The other algorithm is called ``density`` and it is a simple algorithm that counts the
number of stars within the cluster region (center+radius) and subtracts the expected
number of field stars within that region. It requires the ``(ra, dec)`` center and the
radius of the cluster to be defined.

Again, the methods can be accessed from the ``my_field`` object as:

.. code-block:: python

    # Will apply the default `ripley` algorithm on `(ra, dec, pmra, pmde, plx)` data
    # This assumes that the `get_center()` method was already applied or the
    # (pms_c, plx_c) center values were stored as attributes by the user
    my_field.get_nmembers()

    # Will apply the `density` algorithm on `(ra, dec)` data.

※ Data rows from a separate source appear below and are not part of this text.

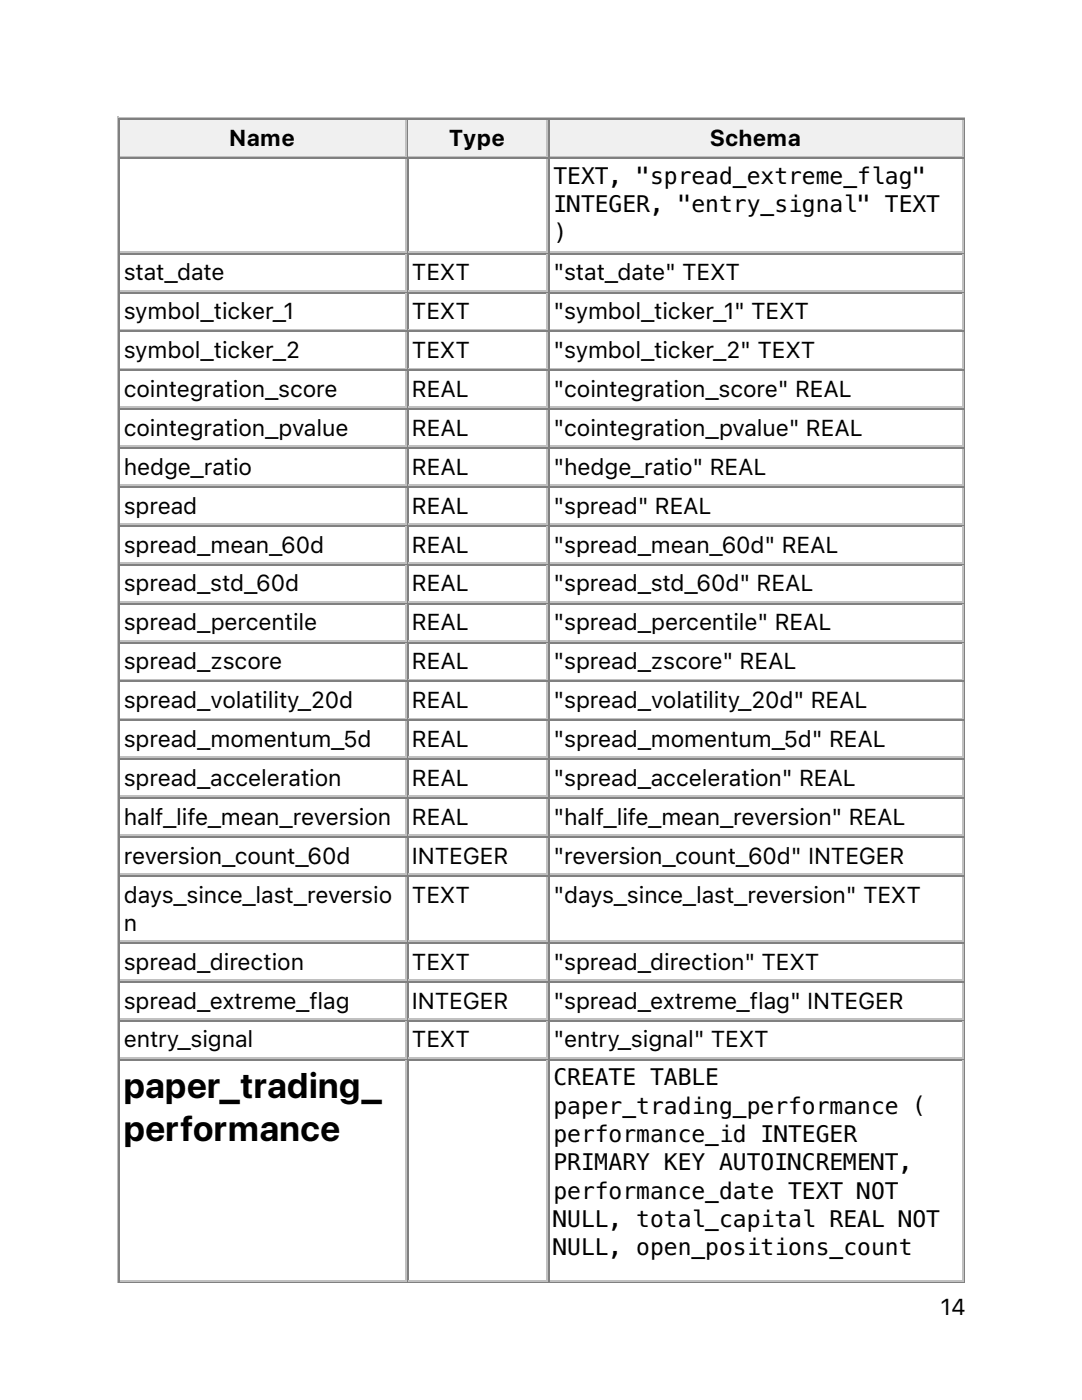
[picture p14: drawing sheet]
<svg xmlns="http://www.w3.org/2000/svg" width="216mm" height="279mm" viewBox="0 0 216 279" stroke-linecap="round" stroke-linejoin="round" font-family="sans-serif">
<defs><g id="words">
<g font-size="7.1">
<text x="24.7" y="219.2">paper_trading_</text>
<text x="24.7" y="227.7">performance</text>
</g>
<g font-size="4.6">
<text x="45.8" y="29.1">Name</text>
<text x="89.6" y="29.1">Type</text>
<text x="141.7" y="29.1">Schema</text>
<text x="110.4" y="36.7">TEXT, &quot;spread_extreme_flag&quot;</text>
<text x="110.4" y="42.4">INTEGER, &quot;entry_signal&quot; TEXT</text>
<text x="110.4" y="48">)</text>
<text x="24.7" y="55.9">stat_date</text>
<text x="82.2" y="55.9">TEXT</text>
<text x="110.4" y="55.9">&quot;stat_date&quot; TEXT</text>
<text x="24.7" y="63.7">symbol_ticker_1</text>
<text x="82.2" y="63.7">TEXT</text>
<text x="110.4" y="63.7">&quot;symbol_ticker_1&quot; TEXT</text>
<text x="24.7" y="71.5">symbol_ticker_2</text>
<text x="82.2" y="71.5">TEXT</text>
<text x="110.4" y="71.5">&quot;symbol_ticker_2&quot; TEXT</text>
<text x="24.7" y="79.2">cointegration_score</text>
<text x="82.2" y="79.2">REAL</text>
<text x="110.4" y="79.2">&quot;cointegration_score&quot; REAL</text>
<text x="24.7" y="87">cointegration_pvalue</text>
<text x="82.2" y="87">REAL</text>
<text x="110.4" y="87">&quot;cointegration_pvalue&quot; REAL</text>
<text x="24.7" y="94.7">hedge_ratio</text>
<text x="82.2" y="94.7">REAL</text>
<text x="110.4" y="94.7">&quot;hedge_ratio&quot; REAL</text>
<text x="24.7" y="102.5">spread</text>
<text x="82.2" y="102.5">REAL</text>
<text x="110.4" y="102.5">&quot;spread&quot; REAL</text>
<text x="24.7" y="110.3">spread_mean_60d</text>
<text x="82.2" y="110.3">REAL</text>
<text x="110.4" y="110.3">&quot;spread_mean_60d&quot; REAL</text>
<text x="24.7" y="118">spread_std_60d</text>
<text x="82.2" y="118">REAL</text>
<text x="110.4" y="118">&quot;spread_std_60d&quot; REAL</text>
<text x="24.7" y="125.8">spread_percentile</text>
<text x="82.2" y="125.8">REAL</text>
<text x="110.4" y="125.8">&quot;spread_percentile&quot; REAL</text>
<text x="24.7" y="133.5">spread_zscore</text>
<text x="82.2" y="133.5">REAL</text>
<text x="110.4" y="133.5">&quot;spread_zscore&quot; REAL</text>
<text x="24.7" y="141.3">spread_volatility_20d</text>
<text x="82.2" y="141.3">REAL</text>
<text x="110.4" y="141.3">&quot;spread_volatility_20d&quot; REAL</text>
<text x="24.7" y="149.1">spread_momentum_5d</text>
<text x="82.2" y="149.1">REAL</text>
<text x="110.4" y="149.1">&quot;spread_momentum_5d&quot; REAL</text>
<text x="24.7" y="156.8">spread_acceleration</text>
<text x="82.2" y="156.8">REAL</text>
<text x="110.4" y="156.8">&quot;spread_acceleration&quot; REAL</text>
<text x="24.7" y="164.6">half_life_mean_reversion</text>
<text x="82.2" y="164.6">REAL</text>
<text x="110.4" y="164.6">&quot;half_life_mean_reversion&quot; REAL</text>
<text x="24.7" y="172.4">reversion_count_60d</text>
<text x="82.2" y="172.4">INTEGER</text>
<text x="110.4" y="172.4">&quot;reversion_count_60d&quot; INTEGER</text>
<text x="24.7" y="180.1">days_since_last_reversio</text>
<text x="24.7" y="185.8">n</text>
<text x="82.2" y="180.1">TEXT</text>
<text x="110.4" y="180.1">&quot;days_since_last_reversion&quot; TEXT</text>
<text x="24.7" y="193.5">spread_direction</text>
<text x="82.2" y="193.5">TEXT</text>
<text x="110.4" y="193.5">&quot;spread_direction&quot; TEXT</text>
<text x="24.7" y="201.3">spread_extreme_flag</text>
<text x="82.2" y="201.3">INTEGER</text>
<text x="110.4" y="201.3">&quot;spread_extreme_flag&quot; INTEGER</text>
<text x="24.7" y="209">entry_signal</text>
<text x="82.2" y="209">TEXT</text>
<text x="110.4" y="209">&quot;entry_signal&quot; TEXT</text>
<text x="110.4" y="216.6">CREATE TABLE</text>
<text x="110.4" y="222.3">paper_trading_performance (</text>
<text x="110.4" y="227.9">performance_id INTEGER</text>
<text x="110.4" y="233.6">PRIMARY KEY AUTOINCREMENT,</text>
<text x="110.4" y="239.2">performance_date TEXT NOT</text>
<text x="110.4" y="244.8">NULL, total_capital REAL NOT</text>
<text x="110.4" y="250.5">NULL, open_positions_count</text>
<text x="187.7" y="262.5">14</text>
</g>
</g></defs>
<path d="M23.5 23.3v232.8M23.6 23.5h169M24 31.2h57.1M81 24v7" fill="none" stroke="#c0c0c0" stroke-width=".35"/>
<path d="M23.8 23.6v7.8M24 23.8h57.1M192.4 23.6v232.2M23.6 255.9h169" fill="none" stroke="#808080" stroke-width=".35"/>
<g fill="#f0f0f0">
<path d="M24 24h56.8v7h-56.8z"/>
<path d="M45.5 24.7h13.8v5.6h-13.8z"/>
</g>
<path d="M81.3 23.6v7.8M81.5 23.8h27.9" fill="none" stroke="#808080" stroke-width=".35"/>
<path d="M81.5 31.2h27.9M109.2 24v7" fill="none" stroke="#c0c0c0" stroke-width=".35"/>
<g fill="#f0f0f0">
<path d="M81.5 24h27.5v7h-27.5z"/>
<path d="M89.6 24.7h11.3v5.6h-11.3z"/>
</g>
<path d="M109.5 23.6v7.8M109.7 23.8h82.6" fill="none" stroke="#808080" stroke-width=".35"/>
<path d="M109.7 31.2h82.6M192.1 24v7" fill="none" stroke="#c0c0c0" stroke-width=".35"/>
<g fill="#f0f0f0">
<path d="M109.7 24h82.2v7h-82.2z"/>
<path d="M141.5 24.7h18.7v5.6h-18.7z"/>
</g>
<g fill="none" stroke="#808080" stroke-width=".35">
<path d="M23.8 31.4v224.4M24 31.6h57.1M81.3 31.4v224.4M81.5 31.6h27.9M109.5 31.4v224.4M109.7 31.6h82.6M24 50.6h57.1M24 58.4h57.1M81.5 50.6h27.9M81.5 58.4h27.9M109.7 50.6h82.6M109.7 58.4h82.6"/>
<path d="M24 66.1h57.1M24 73.9h57.1M81.5 66.1h27.9M81.5 73.9h27.9M109.7 66.1h82.6M109.7 73.9h82.6M24 81.7h57.1M24 89.4h57.1M24 97.2h57.1M81.5 81.7h27.9M81.5 89.4h27.9M81.5 97.2h27.9"/>
<path d="M109.7 81.7h82.6M109.7 89.4h82.6M109.7 97.2h82.6M24 105h57.1M24 112.7h57.1M81.5 105h27.9M81.5 112.7h27.9M109.7 105h82.6M109.7 112.7h82.6M24 120.5h57.1M24 128.2h57.1M24 136h57.1"/>
<path d="M81.5 120.5h27.9M81.5 128.2h27.9M81.5 136h27.9M109.7 120.5h82.6M109.7 128.2h82.6M109.7 136h82.6M24 143.8h57.1M24 151.5h57.1M24 159.3h57.1M81.5 143.8h27.9M81.5 151.5h27.9M81.5 159.3h27.9"/>
<path d="M109.7 143.8h82.6M109.7 151.5h82.6M109.7 159.3h82.6M24 167h57.1M24 174.8h57.1M81.5 167h27.9M81.5 174.8h27.9M109.7 167h82.6M109.7 174.8h82.6M24 188.2h57.1M24 196h57.1M81.5 188.2h27.9"/>
<path d="M81.5 196h27.9M109.7 188.2h82.6M109.7 196h82.6M24 203.7h57.1M24 211.5h57.1M81.5 203.7h27.9M81.5 211.5h27.9M109.7 203.7h82.6M109.7 211.5h82.6"/>
</g>
<g fill="none" stroke="#c0c0c0" stroke-width=".35">
<path d="M81 31.8v18.3M109.2 31.8v18.3M192.1 31.8v18.3M24 50.3h57.1M24 58h57.1M81 50.8v7.1M81 58.6v7M81.5 50.3h27.9M81.5 58h27.9M109.2 50.8v7.1M109.2 58.6v7M109.7 50.3h82.6"/>
<path d="M109.7 58h82.6M192.1 50.8v7.1M192.1 58.6v7M24 65.8h57.1M24 73.6h57.1M81 66.3v7.1M81 74.1v7M81.5 65.8h27.9M81.5 73.6h27.9M109.2 66.3v7.1M109.2 74.1v7M109.7 65.8h82.6"/>
<path d="M109.7 73.6h82.6M192.1 66.3v7.1M192.1 74.1v7M24 81.3h57.1M24 89.1h57.1M24 96.8h57.1M81 81.8v7.1M81 89.6v7.1M81 97.4v7M81.5 81.3h27.9M81.5 89.1h27.9M81.5 96.8h27.9"/>
<path d="M109.2 81.8v7.1M109.2 89.6v7.1M109.2 97.4v7M109.7 81.3h82.6M109.7 89.1h82.6M109.7 96.8h82.6M192.1 81.8v7.1M192.1 89.6v7.1M192.1 97.4v7M24 104.6h57.1M24 112.4h57.1M81 105.1v7.1"/>
<path d="M81 112.9v7M81.5 104.6h27.9M81.5 112.4h27.9M109.2 105.1v7.1M109.2 112.9v7M109.7 104.6h82.6M109.7 112.4h82.6M192.1 105.1v7.1M192.1 112.9v7M24 120.1h57.1M24 127.9h57.1M24 135.6h57.1"/>
<path d="M81 120.7v7M81 128.4v7.1M81 136.2v7M81.5 120.1h27.9M81.5 127.9h27.9M81.5 135.6h27.9M109.2 120.7v7M109.2 128.4v7.1M109.2 136.2v7M109.7 120.1h82.6M109.7 127.9h82.6M109.7 135.6h82.6"/>
<path d="M192.1 120.7v7M192.1 128.4v7.1M192.1 136.2v7M24 143.4h57.1M24 151.2h57.1M24 158.9h57.1M81 143.9v7.1M81 151.7v7.1M81 159.5v7M81.5 143.4h27.9M81.5 151.2h27.9M81.5 158.9h27.9"/>
<path d="M109.2 143.9v7.1M109.2 151.7v7.1M109.2 159.5v7M109.7 143.4h82.6M109.7 151.2h82.6M109.7 158.9h82.6M192.1 143.9v7.1M192.1 151.7v7.1M192.1 159.5v7M24 166.7h57.1M24 174.4h57.1M81 167.2v7.1"/>
<path d="M81 175v12.7M81.5 166.7h27.9M81.5 174.4h27.9M109.2 167.2v7.1M109.2 175v12.7M109.7 166.7h82.6M109.7 174.4h82.6M192.1 167.2v7.1M192.1 175v12.7M24 187.9h57.1M24 195.6h57.1M81 188.4v7"/>
<path d="M81 196.1v7.1M81.5 187.9h27.9M81.5 195.6h27.9M109.2 188.4v7M109.2 196.1v7.1M109.7 187.9h82.6M109.7 195.6h82.6M192.1 188.4v7M192.1 196.1v7.1M24 203.4h57.1M24 211.1h57.1M81 203.9v7.1"/>
<path d="M81 211.7v43.7M81.5 203.4h27.9M81.5 211.1h27.9M109.2 203.9v7.1M109.2 211.7v43.7M109.7 203.4h82.6M109.7 211.1h82.6M192.1 203.9v7.1M192.1 211.7v43.7M24 255.6h57.1M81.5 255.6h27.9M109.7 255.6h82.6"/>
</g>
<use href="#words"/>
</svg>

This also assumes that
    # the `get_center()` method was applied, and it also requires a `radius`
    # attribute to be set in the `my_field` object
    my_field.radius = 0.1
    my_field.get_nmembers('density')

The estimated value will be stored as an attribute of the ``my_field`` object which can
be accessed as:

.. code-block:: python

    my_field.N_cluster

If the estimated number is not a proper representation of the believed number of members
for this cluster, the user can easily modify this attribute manually with:

.. code-block:: python

    my_field.N_cluster = 300

See the :ref:`membership_module` section for more details on the membership estimation
process, and the :ref:`membership_ntbk` tutorial for an example of how this value is
used to estimate the cluster's true members.